In this review article after determination of the main concepts and statement about the problem, attempts made to gather data about the aims and aspects, from major databases including PubMed, EMBASE and Scopus from 1970 to 2013. In this regard the most relevant keywords such as hepatitis viruses, classical and novel detection techniques, immunoassay, biosensors, molecular detection methods and many more were used to construct thesaurus in different databases. Irrespective to any classification, about 120 full articles and 50 abstracts were obtained from above mentioned databases. Thereafter different techniques and data were analyzed, categorized and compared with each other. Finally unpredictable, digressive and redundant data were discarded and the main collected points were arranged, summarized and divided into different sections.
Resultant items and findings about classical and modern approaches used for viral hepatitis diagnosis were collected in different parts including immunological methods, molecular approaches and advanced biosensors. An analytical outline of each class of detection method presented below.

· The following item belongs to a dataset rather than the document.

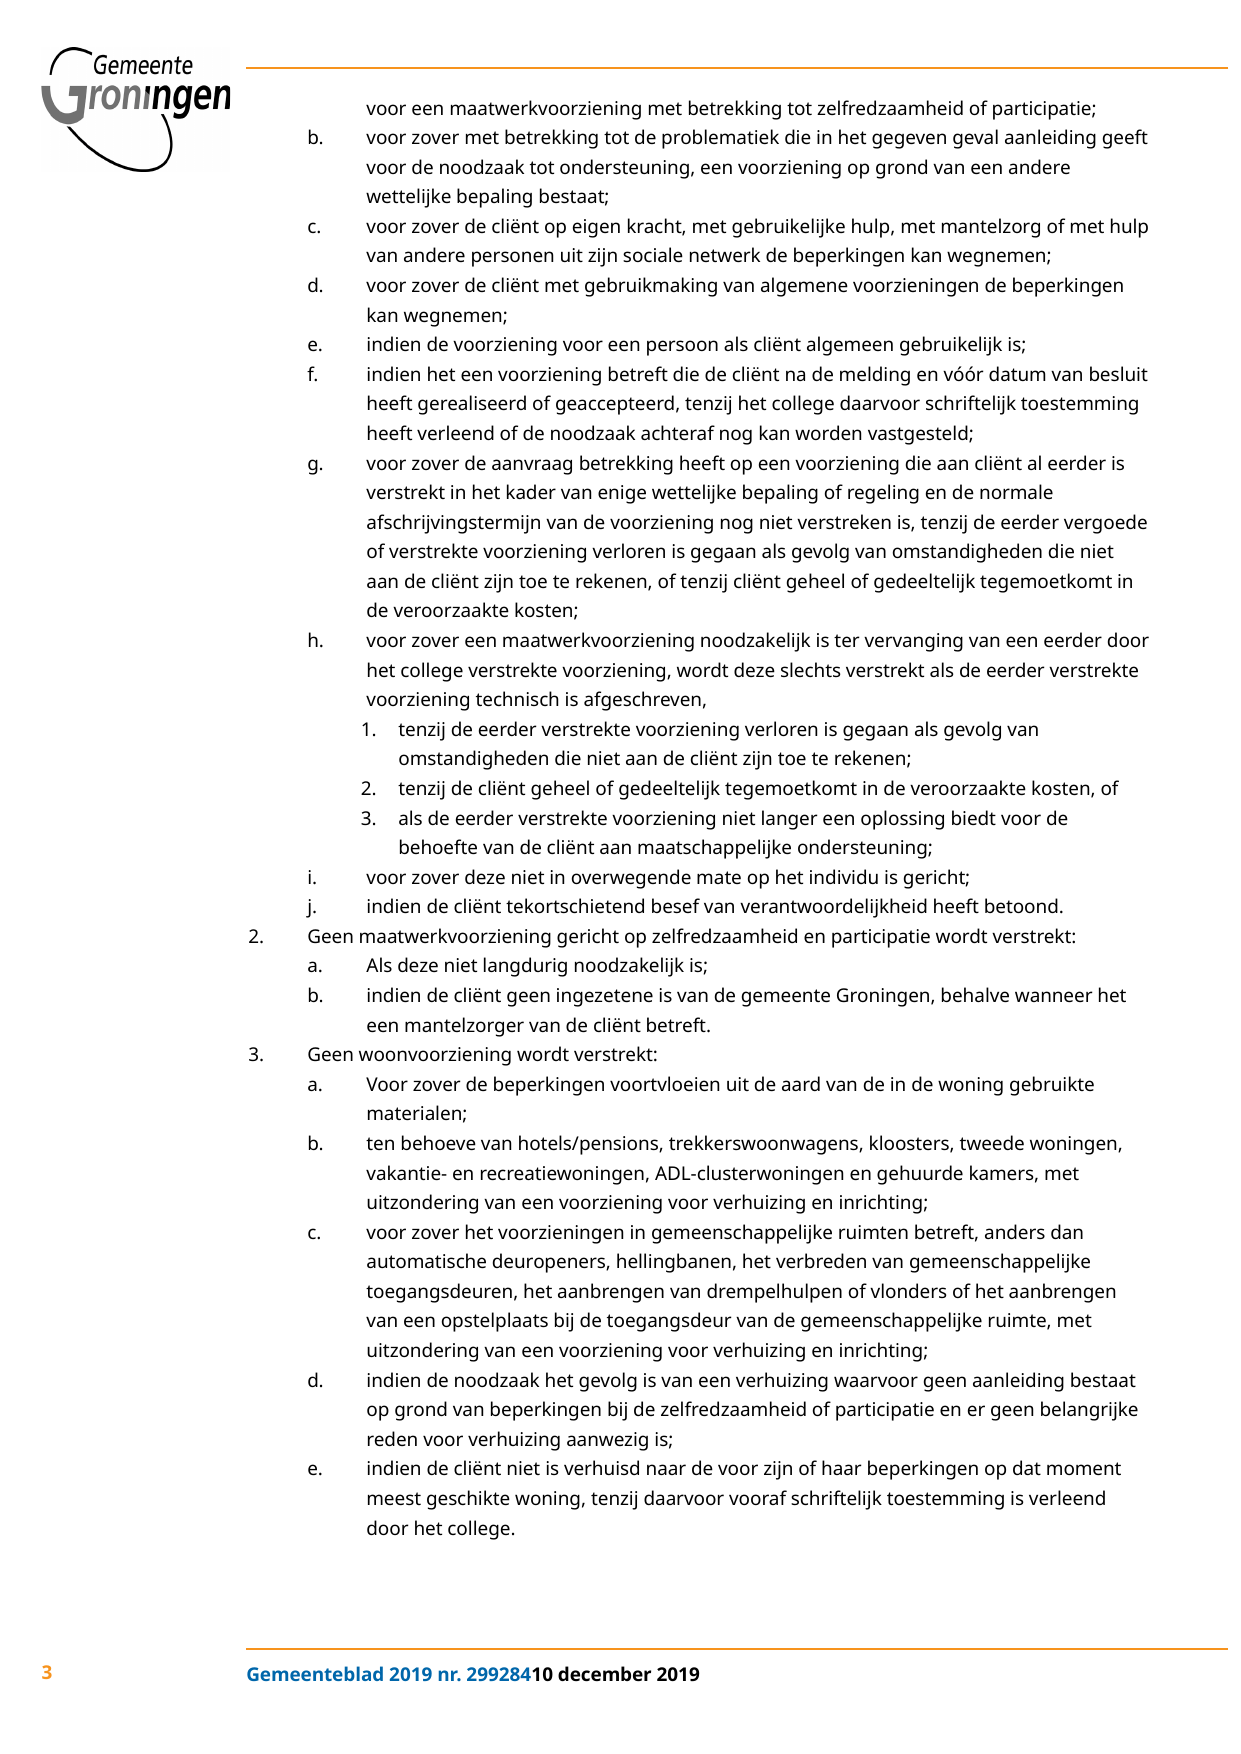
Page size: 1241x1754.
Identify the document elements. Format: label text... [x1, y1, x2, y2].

Viral hepatitis is considered a dangerous public health problem worldwide. Diagnosis and treatment are the main goals to inhibit the spread of hepatitis viruses. Exact diagnosis of hepatitis virus types and infection stage for an effective treatment need a relatively broad knowledge about viral hepatitis infections. Each detection technique has its special advantages and limitations. EIAs are the most important serological assays used for hepatitis viruses’ detection. EIAs procedures are simple and convenient to set up and having nano-gram or sensitivity to low levels of target presence, few reagents requirement, quantitative and qualitative testing and capability of being automated are some of the advantages of EIAs. On the other hand they can be time-consuming and expensive devices. Rapid detection of viral hepatitis, soon after infection, is an urgent requirement to treat and prevent infection transmission. Development of molecular methods for diagnosis of viral genomic materials has revolutionized the detection procedure in clinical laboratories. Some of these techniques have been introduced as common laboratory tests but some others such as real-time PCR are applied as gold-standard and reference settings. The major advantages of molecular methods are having higher specificity and sensitivity and larger dynamic range of action compared to other diagnostic methods like serological assays. Regarding nucleic acid tests, requiring special instruments and post handling in some molecular tests and inability to indicate the pathogen viability are the main limitations. Biosensors have been described for label free detection of hepatitis viruses. Most of biosensors are based on the combination of existing molecular and immunological techniques coupled with optical, electrochemical, mass-sensitive and electrical sensing modules. The main advantages of these detection systems are offering a quantitative test for detection in cases with about 100 copies of hepatitis virus, in addition to automation, multiplexing analysis and throughput. It seems further studies are necessary to completely uniform the methods that can be established as universal recommendations for detection of hepatitis viruses.